Давняя мечта нейробиологов — увидеть разом все межнейронные связи в мозге и не запутаться в них — кажется, начинает сбываться. Как сообщают в журнале Nature исследователи из Стэнфордского университета (США), им удалось сделать мозг оптически прозрачным, но при этом так, что нейроны в нём остаются видимыми.
Существующие нейроанатомические технологии позволяют рассмотреть клеточную структуру мозга, но лишь на очень тонких срезах ткани. Чтобы понять, как устроена какая-нибудь функциональная зона мозга целиком, нужно совместить огромное количество таких «стоп-кадров» — и сделать это без ошибок. Решить такую головоломку чрезвычайно трудно, практически невозможно.
Нейронная структура гиппокампа мыши, увиденного целиком с помощью технологии CLARITY.
Учёные из Стэнфорда придумали, как увидеть мозг изнутри, не прибегая к «шинкованию» его на тысячи кусочков. Главным препятствием для лучей света служат липиды, из которых состоит, например, миелиновая обмотка нейронных аксонов. Липиды можно удалить детергентом — скажем, лаурилсульфатом натрия (популярнейший реагент, который можно найти абсолютно в любой лаборатории). И такие попытки неоднократно предпринимались, однако вместе с липидами детергент вымывал и значительное количество белков. То есть перед исследователями стояла задача защитить от детергента всё, кроме липидов.

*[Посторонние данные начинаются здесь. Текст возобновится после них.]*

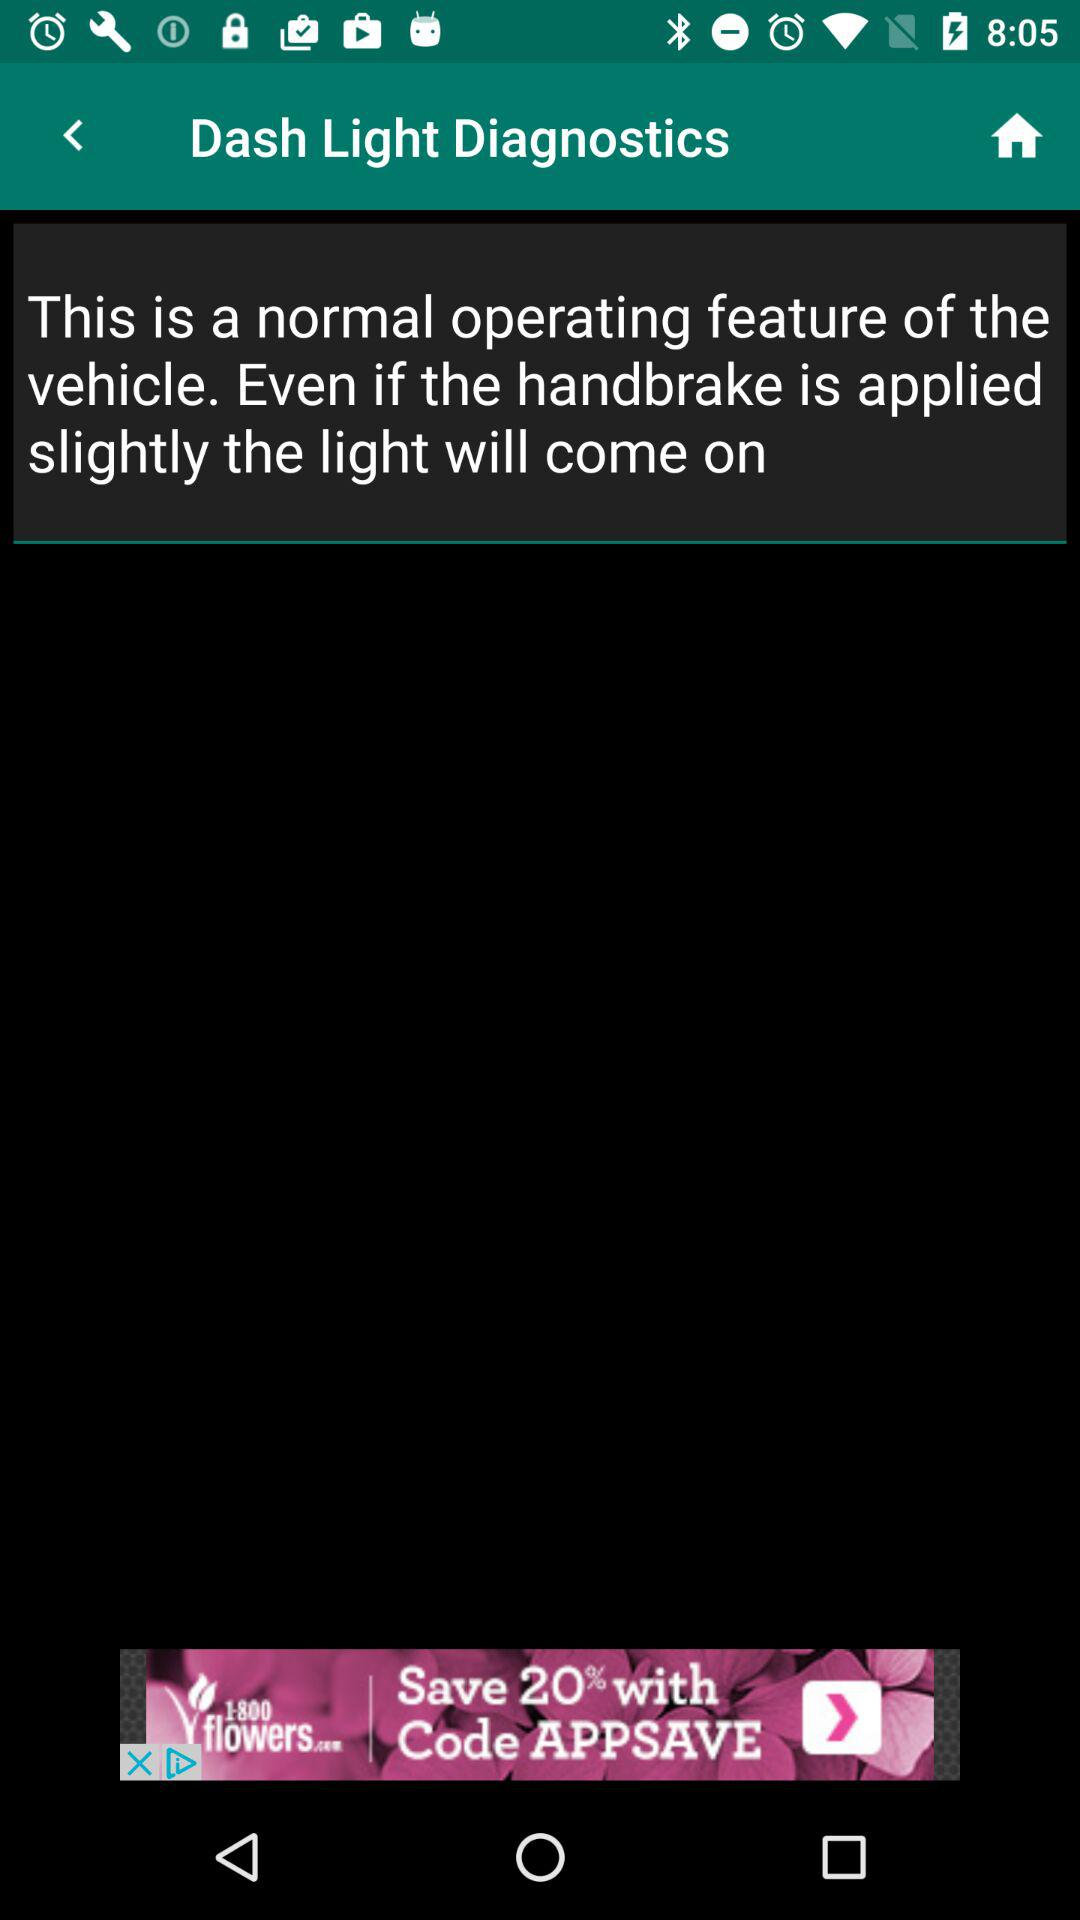What is the code?
When the provided information is insufficient, respond with <no answer>. <no answer>

Сделать это удалось с помощью акриламида, ещё одного сверхпопулярного вещества, способного полимеризоваться с образованием геля. Лаборатория Карла Дайссерота разработала следующую технологию: мозг пропитывался акриламидом, связывавшим белки, нуклеиновые кислоты и другие макромолекулы, за исключением липидов. Затем акриламид полимеризовался, и в результате макромолекулы оказывались закреплены в обширной полимерной сетке. При вымывании из этой сетки липидов терялось всего 8% белков (сравните с 41%, вымывавшимся при использовании других методов).
Применив эту технологию, названную CLARITY, к целому мозгу мыши, удалось увидеть нейронную структуру от внешних слоёв коры до таких глубин, как таламус (нейроны при этом несли флюоресцентные метки, без которых их никто в опрозрачненном мозге не увидел бы). Удалось проследить и путь нервного волокна в полумиллиметровом срезе человеческого мозга — и тут необходимо заметить, что для прочих нейроанатомических методов такая толщина среза (всего 0,5 мм!) непозволительно велика.
Мозг мыши до (слева) и после применения технологии «опрозрачнивания» (здесь и выше иллюстрации авторов работы).
Итак, смысл метода в том, чтобы создать искусственный скелет, который закрепил бы нужные молекулы (белки и т. п.) и позволил бы очистить структуру от ненужных липидов, делающих ткань непроницаемой для света. Эффект без преувеличения фантастический. Перспективы же этого метода очевидны, в самом прямом смысле этого слова. Так можно, например, изучать распределение белков по нейронам и динамику их перемещения при разных функциональных состояниях нейронов и мозга в целом. Кроме того, это позволит сравнить нейронные связи в здоровом мозге и, скажем, при тяжёлой психоневрологической патологии.
Однако у метода, как можно понять, есть одно серьёзное ограничение: им можно пользоваться только на мёртвом мозге, то есть, чтобы сравнить мозг здорового человека и мозг больного шизофренией или аутизмом, нужно дождаться смерти того и другого. Кроме того, пока что не вполне ясно, влияет ли этот метод на структуру нервной ткани: не получится ли так, что мы будем наблюдать не естественные изменения в мозге, а лишь методические артефакты? В ближайшее время исследователи собираются внести в этот вопрос (да простят нас читатели за невольный каламбур) окончательную ясность.